Deregulation. Ask the common American which president they associate deregulation with and Ronnie Reagan will most likely be their answer. Fighting the government beast was his crusade. The problem with that familiar narrative is that it is a lie useful to the media. Reagan did not do much of anything for deregulating the American economy. He did dramatically change the tax code and go on a military spending spree that helped our military-industrial complex, therefore protecting revenue streams for our productive economy. In American history, deregulation was a process that had many events outside the Reagan window. Spending a little time evaluating the facts, deregulation was a bipartisan process that the cathedral pushed on behalf of the common man.
Tucked away in a Fortune magazine from 1977, Paul Weaver's article "Unlocking the Gilded Cage of Regulation" explains the story of deregulation's promise for America. The post-1932 iron triangle of big business, congress and the bureaucracy was being challenged and in the words of Paul Weaver was looking corroded. The promise of deregulation was the Milton Friedman mantra of markets will solve problems. Markets are suppose to be free so that they can be efficient, and efficient means good. The economic problem of the mid-'70s was high inflation, and it did doom both Ford and Carter's presidencies. Deregulation was proposed as a solution to the high inflation problem. In the article, the issue of the FED being loose with monetary policy in the face of inflation is not cited. Budget deficits are absent from the article. There is no mention of Nixon closing the gold window and allowing the dollar to float, destroying the Bretton Woods agreement and sending all nations on a hunt for a store of value.
There was no need to mention severing the basis for valuing all commodities because economists and civil servants had the answer. Weaver writes that "economists agreed that government regulation was a major cause of the high and rising cost of living". Not one citation of the '74 oil embargo that created cost push inflation in the American manufacturing based economy. Academics were not the only ones pushing the deregulation line. Civil servants were the driving force inside the government. The deregulation proposals were around since Nixon's first term, but had languished due to more pressing matters. In Weaver's words, second and third echelon figures in the administration used patrons higher up like Roy Ash (Director of OMB) and William Simon (Treasury Secretary) to put proposals in front of President Ford. Weaver calls this crew a cabal.
Problem with this push for deregulation was that the first targets were transportation related that had a heavy union presence. This would be tough for a Republican president to attempt when facing re-election. While deregulation was ideologically appealing to the free market GOP, there had to be an edge for the Democrats. While accomplishing nothing of substance, congressional hearings on transportation managed to get Senator Ted Kennedy on the side of deregulating transportation for the savings it would provide Americans. The narrative was set. Deregulate to save the little guy money. With a Democrat in the White House, deregulation rolled through Congress in the late '70s with Jimmy Carter there so sign bills into law. Carter could do so in the face of the unions because where else were they going to send their campaign cash? Airline deregulation had the good fortune of, in the word of one pilot, bringing the bus stop to the sky. One item conspicuously absent from Wikipedia's deregulation page is the absence of the 1980 deregulation of deposit institutions that brought usury back into Americans lives. That was to protect banks from poor borrowers. That does not fit the narrative.

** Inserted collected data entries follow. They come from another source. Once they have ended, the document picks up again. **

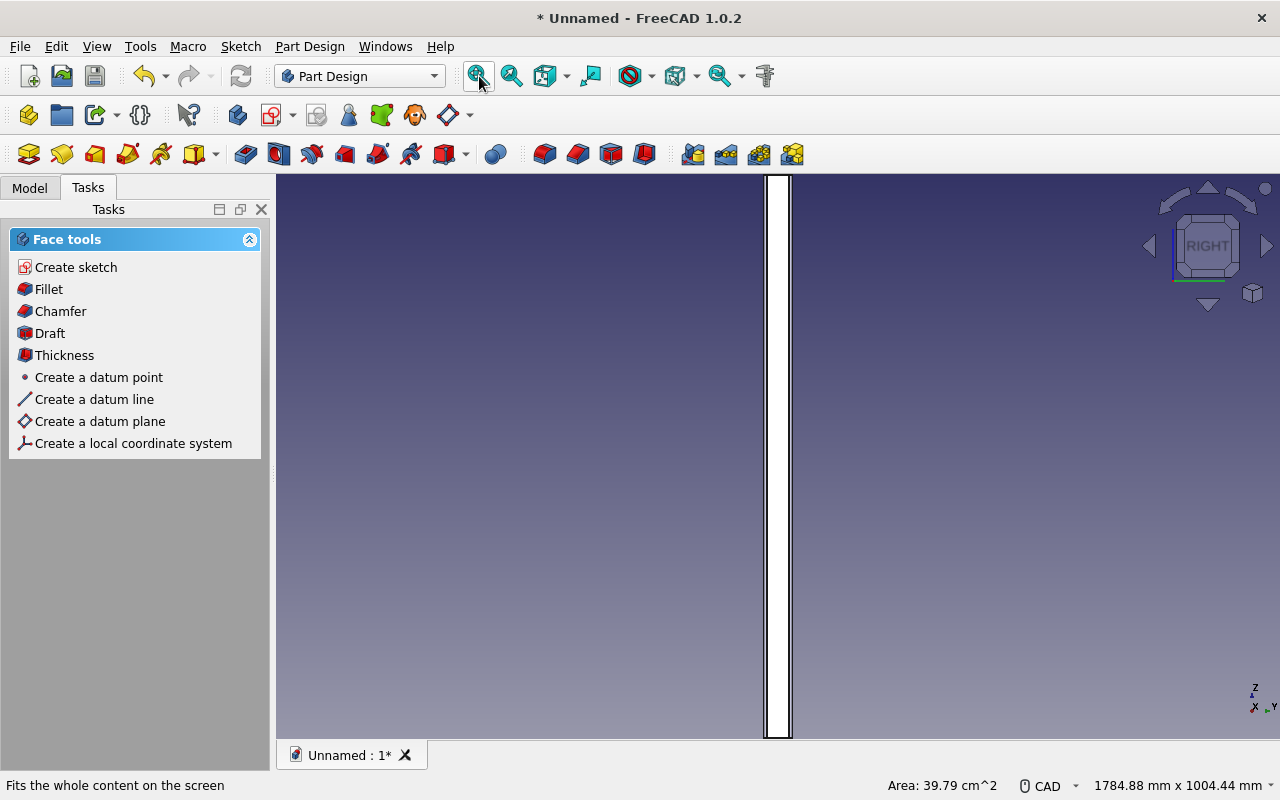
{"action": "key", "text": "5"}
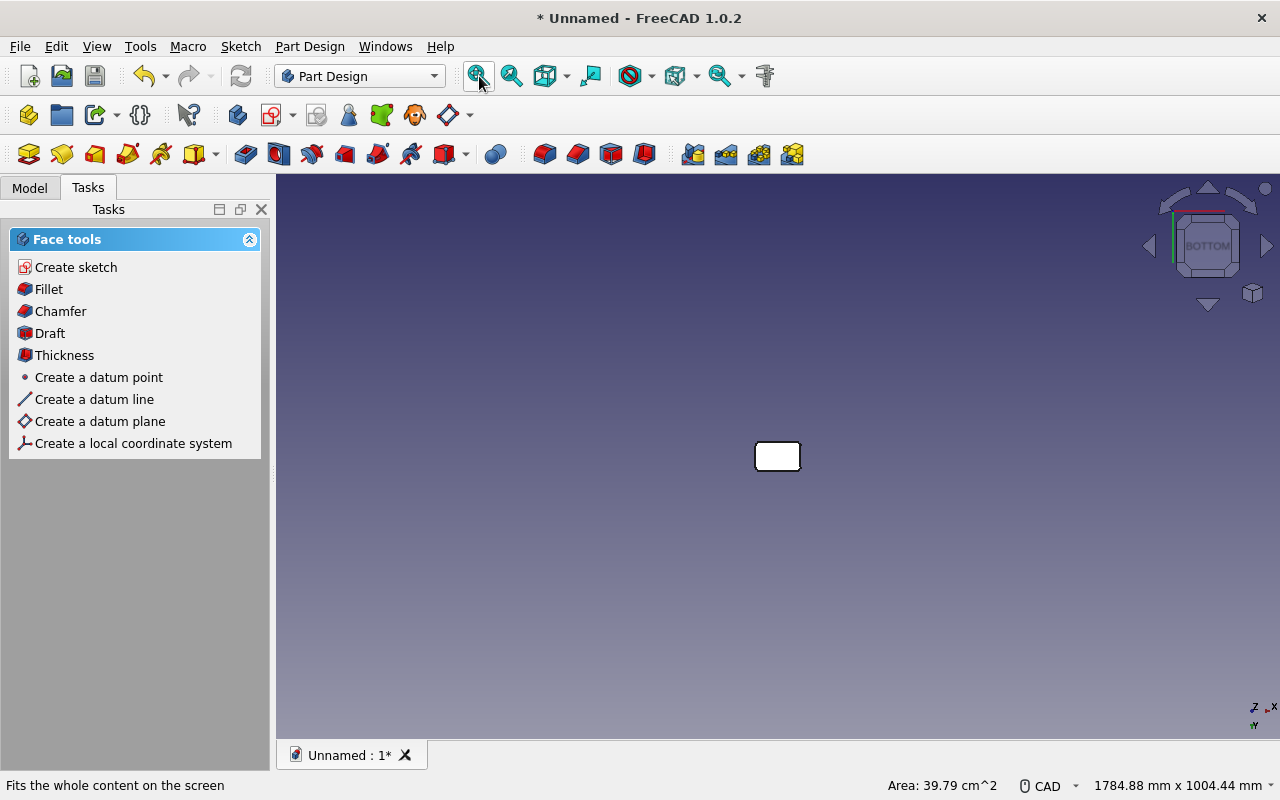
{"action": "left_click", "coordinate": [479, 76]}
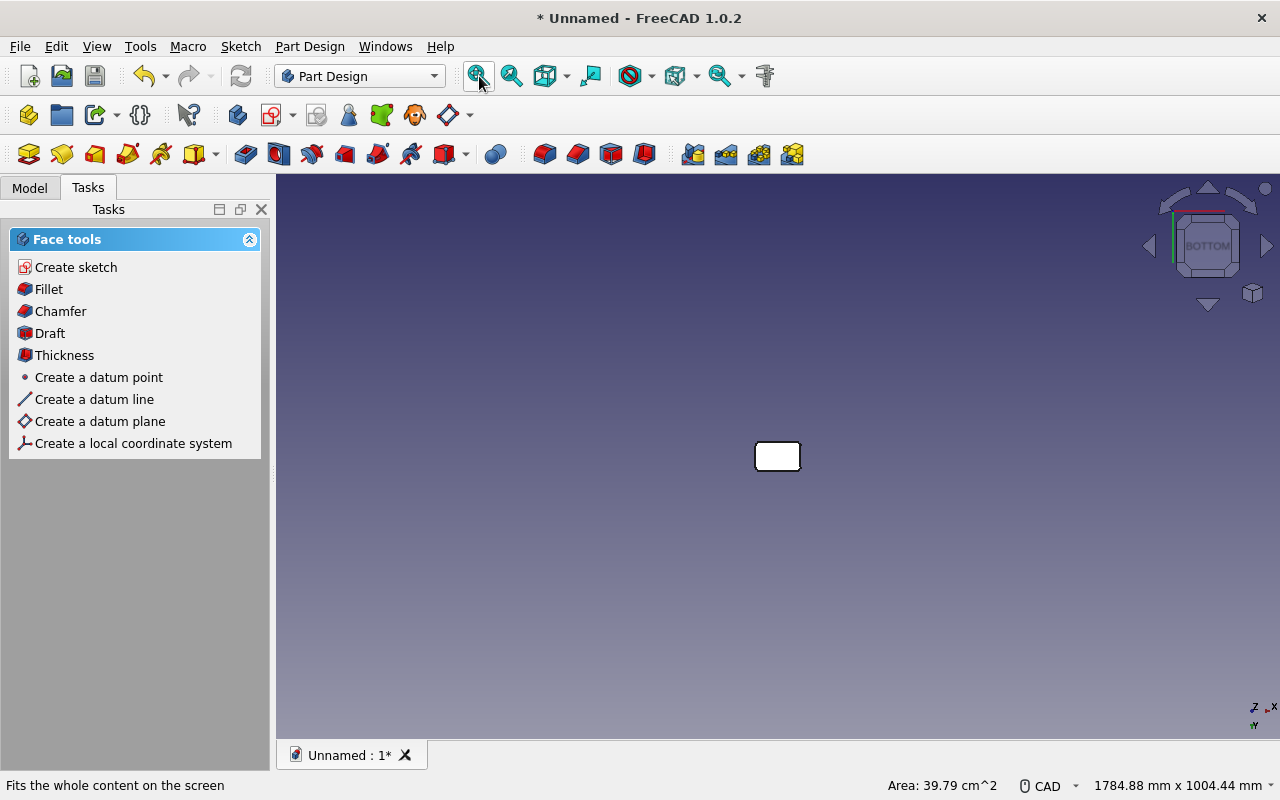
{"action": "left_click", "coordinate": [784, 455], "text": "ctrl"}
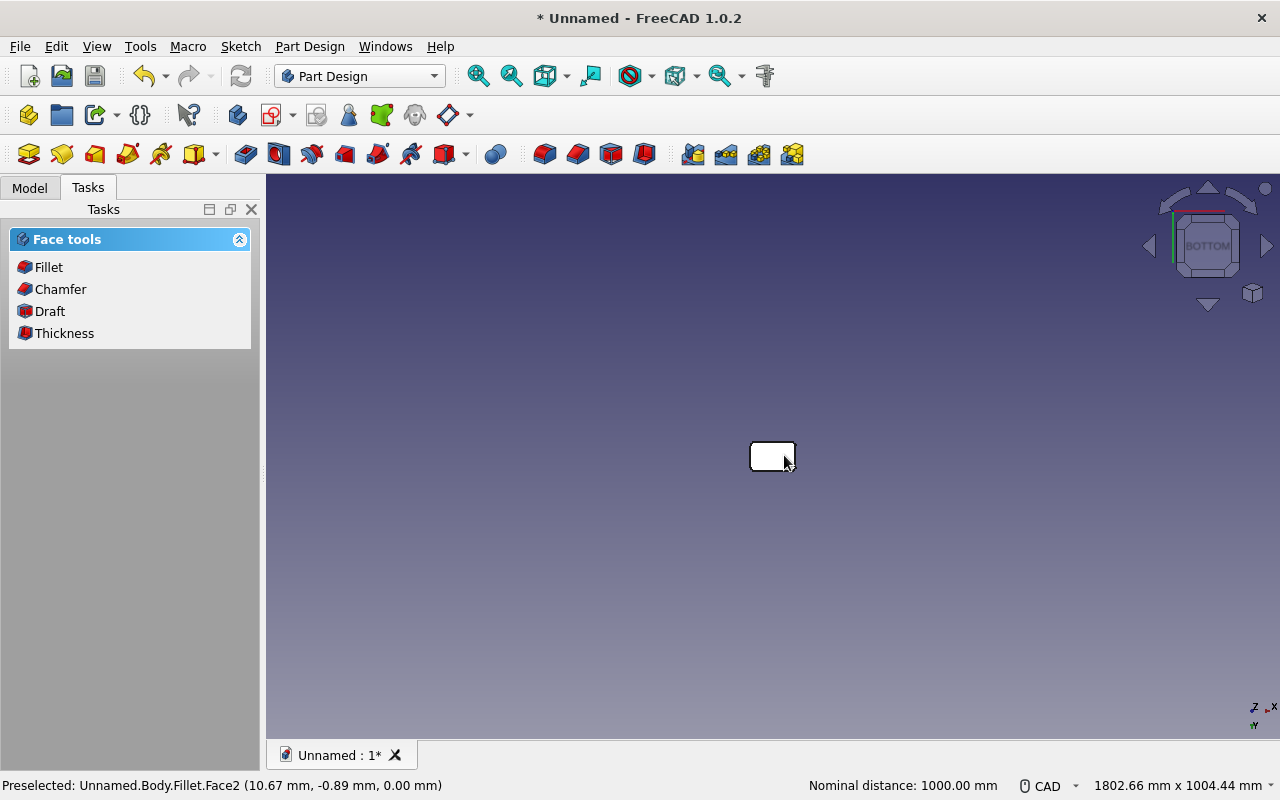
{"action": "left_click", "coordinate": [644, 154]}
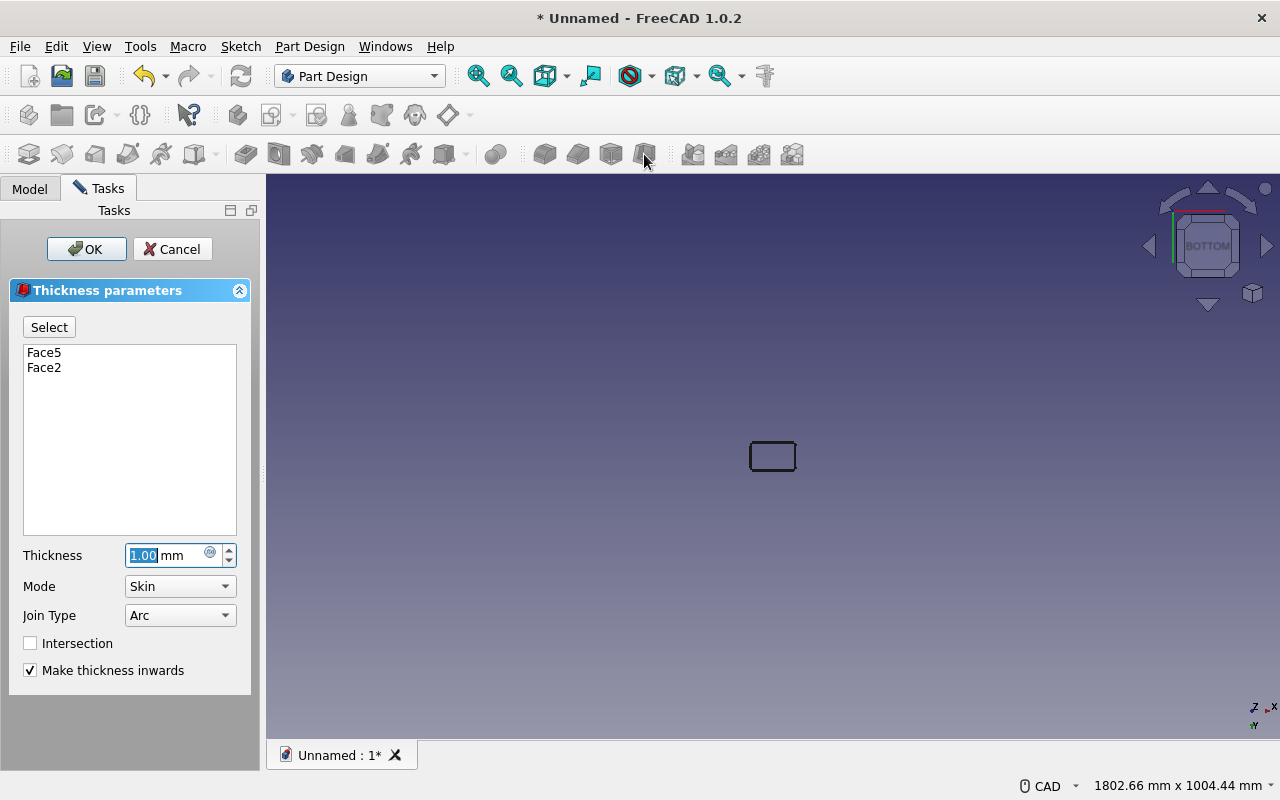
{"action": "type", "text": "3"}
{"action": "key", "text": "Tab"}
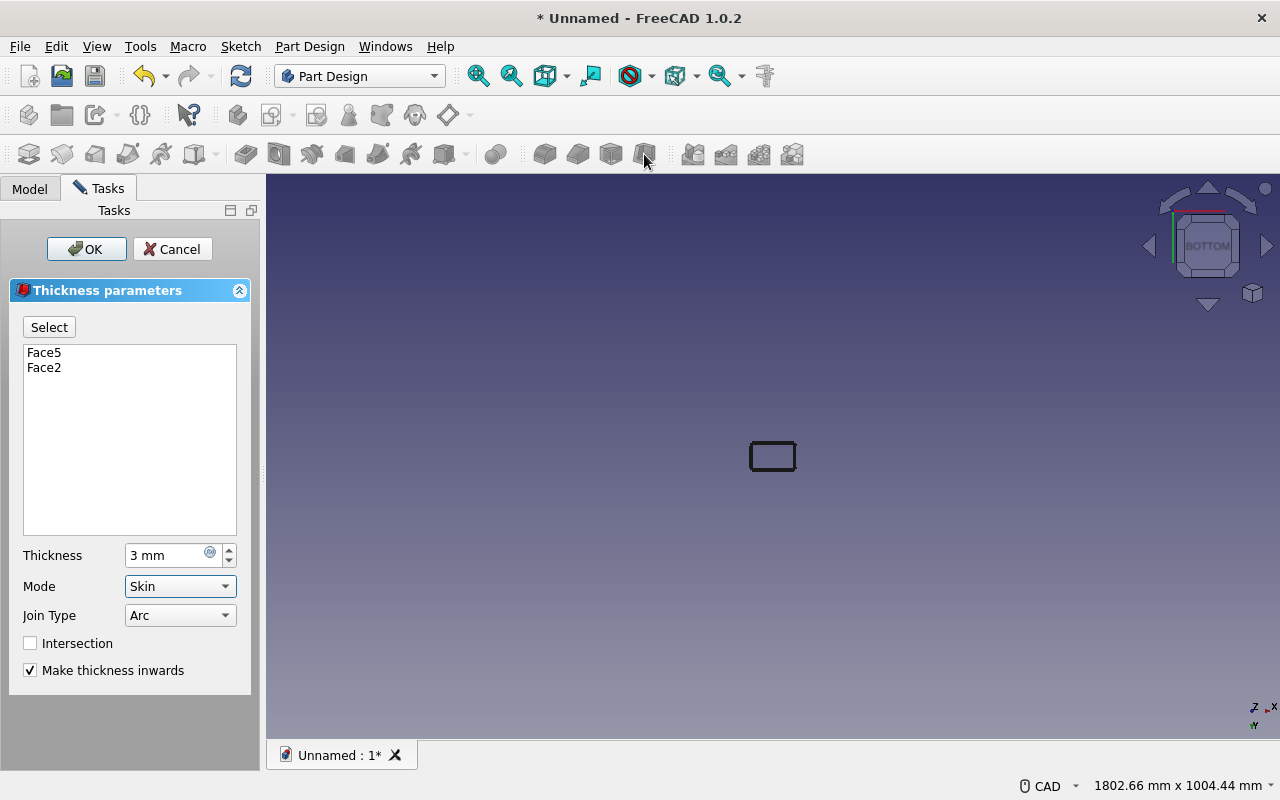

Deregulation took a breather for a solid decade or so with Reagan signing some international dereg acts, but nothing major. The low hanging fruit had been picked. On the narrative front, Americans were being reminded how Reagan wanted to destroy the environment safeguards that were newly installed in the '70s. Reagan was handcuffed by his party membership. Deregulation would have to wait for another Democrat to enter the White House and bring all of those free marketers dreams to life. NAFTA, the Telecom Dereg Act, and of course the Gramm-Leach-Bliley Act of 1999. Check the vote totals. These all passed Congress with large majorities because the GOP could claim ideological victory and the Democrats could claim it saved the little man money. When Bill Clinton signed the law to make student loans non-dischargeable, it was hailed as a new law that reduced the cost of borrowing for poorer students. Debt slavery was not mentioned.
The Fortune article was right in more ways than it could imagine. Near the end of the article, Weaver discusses the weakening hold of the old iron triangle and the pressure from new businesses and new avenues of change. What Weaver was hinting at was the decade long process of the old post-war productive economy and sound money policies wandering for new, solid footing before finding it in the petrodollar, Volcker era FIRE economy. Weaver did make an observation that few dare admit today when he wrote, "the central political trend of recent decades has been the decline of the traditional interest aggregating political party + the rising influence of the press, the public interest group, the intellectuals and the professions". Kenneth Galbraith would call the professions the technostructure, and that was the educated, technical managers and experts that managed our economy and cuddled up to government planning. Some readers would look at Weaver's ascendant coalition and call it the cathedral.